◆ Required action ◆
For the data that follows, return each line unchanged and drop the pictures.
#### Data for processing ####
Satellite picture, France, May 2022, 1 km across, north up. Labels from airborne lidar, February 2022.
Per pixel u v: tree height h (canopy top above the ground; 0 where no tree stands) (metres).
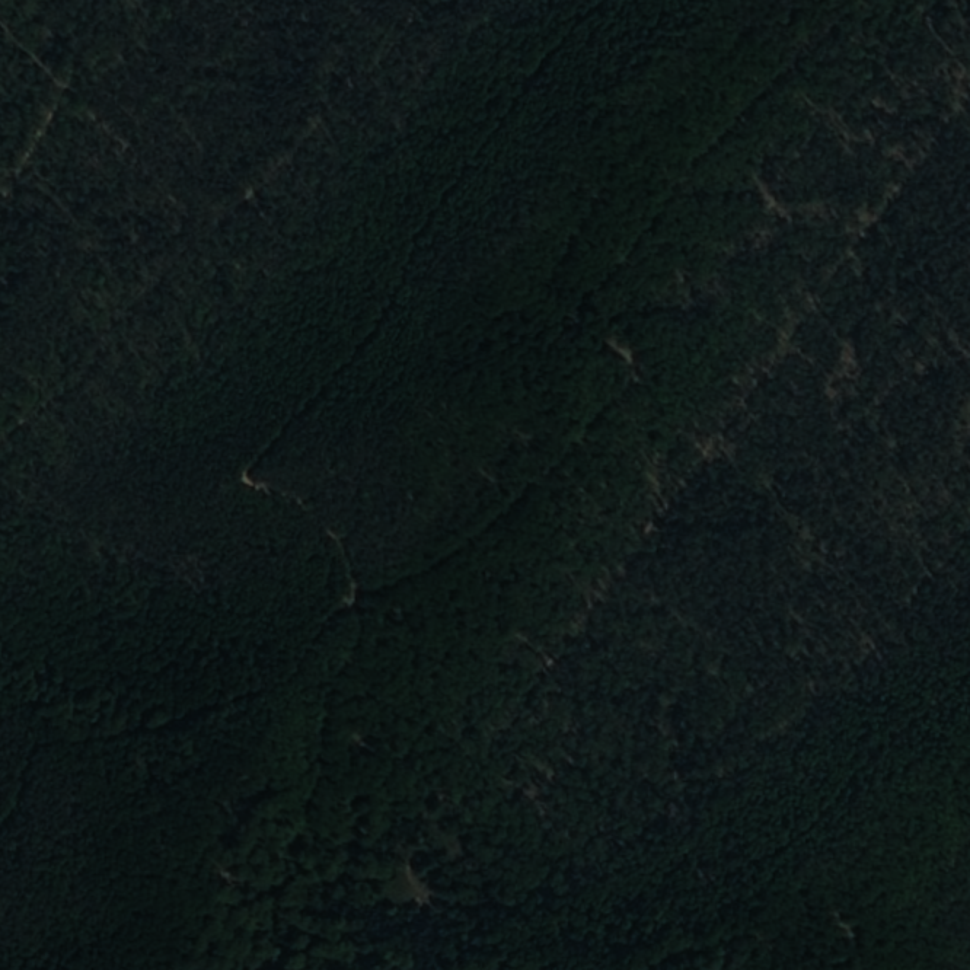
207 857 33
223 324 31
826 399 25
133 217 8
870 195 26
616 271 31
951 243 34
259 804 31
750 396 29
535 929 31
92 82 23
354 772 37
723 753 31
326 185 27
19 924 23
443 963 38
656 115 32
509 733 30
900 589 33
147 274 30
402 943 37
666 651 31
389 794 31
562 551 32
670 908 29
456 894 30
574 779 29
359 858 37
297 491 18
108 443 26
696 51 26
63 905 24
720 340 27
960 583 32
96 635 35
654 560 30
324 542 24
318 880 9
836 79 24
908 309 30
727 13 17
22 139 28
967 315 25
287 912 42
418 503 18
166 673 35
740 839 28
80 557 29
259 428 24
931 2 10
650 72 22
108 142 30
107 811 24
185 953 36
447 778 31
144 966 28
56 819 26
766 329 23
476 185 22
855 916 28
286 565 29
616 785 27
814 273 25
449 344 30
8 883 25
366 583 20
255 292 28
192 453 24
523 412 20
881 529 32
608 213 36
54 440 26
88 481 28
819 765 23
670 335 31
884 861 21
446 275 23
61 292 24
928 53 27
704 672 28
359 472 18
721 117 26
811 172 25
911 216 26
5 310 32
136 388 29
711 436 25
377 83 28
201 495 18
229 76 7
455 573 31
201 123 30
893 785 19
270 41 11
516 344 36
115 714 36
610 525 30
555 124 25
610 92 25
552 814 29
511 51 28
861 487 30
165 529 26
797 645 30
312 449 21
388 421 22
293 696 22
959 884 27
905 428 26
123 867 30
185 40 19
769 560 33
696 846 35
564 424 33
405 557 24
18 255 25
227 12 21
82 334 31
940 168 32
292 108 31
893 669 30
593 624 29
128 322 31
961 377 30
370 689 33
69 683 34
####
◆ Answer section ◆
Satellite picture, France, May 2022, 1 km across, north up. Labels from airborne lidar, February 2022.
Per pixel u v: tree height h (canopy top above the ground; 0 where no tree stands) (metres).
207 857 33
223 324 31
826 399 25
133 217 8
870 195 26
616 271 31
951 243 34
259 804 31
750 396 29
535 929 31
92 82 23
354 772 37
723 753 31
326 185 27
19 924 23
443 963 38
656 115 32
509 733 30
900 589 33
147 274 30
402 943 37
666 651 31
389 794 31
562 551 32
670 908 29
456 894 30
574 779 29
359 858 37
297 491 18
108 443 26
696 51 26
63 905 24
720 340 27
960 583 32
96 635 35
654 560 30
324 542 24
318 880 9
836 79 24
908 309 30
727 13 17
22 139 28
967 315 25
287 912 42
418 503 18
166 673 35
740 839 28
80 557 29
259 428 24
931 2 10
650 72 22
108 142 30
107 811 24
185 953 36
447 778 31
144 966 28
56 819 26
766 329 23
476 185 22
855 916 28
286 565 29
616 785 27
814 273 25
449 344 30
8 883 25
366 583 20
255 292 28
192 453 24
523 412 20
881 529 32
608 213 36
54 440 26
88 481 28
819 765 23
670 335 31
884 861 21
446 275 23
61 292 24
928 53 27
704 672 28
359 472 18
721 117 26
811 172 25
911 216 26
5 310 32
136 388 29
711 436 25
377 83 28
201 495 18
229 76 7
455 573 31
201 123 30
893 785 19
270 41 11
516 344 36
115 714 36
610 525 30
555 124 25
610 92 25
552 814 29
511 51 28
861 487 30
165 529 26
797 645 30
312 449 21
388 421 22
293 696 22
959 884 27
905 428 26
123 867 30
185 40 19
769 560 33
696 846 35
564 424 33
405 557 24
18 255 25
227 12 21
82 334 31
940 168 32
292 108 31
893 669 30
593 624 29
128 322 31
961 377 30
370 689 33
69 683 34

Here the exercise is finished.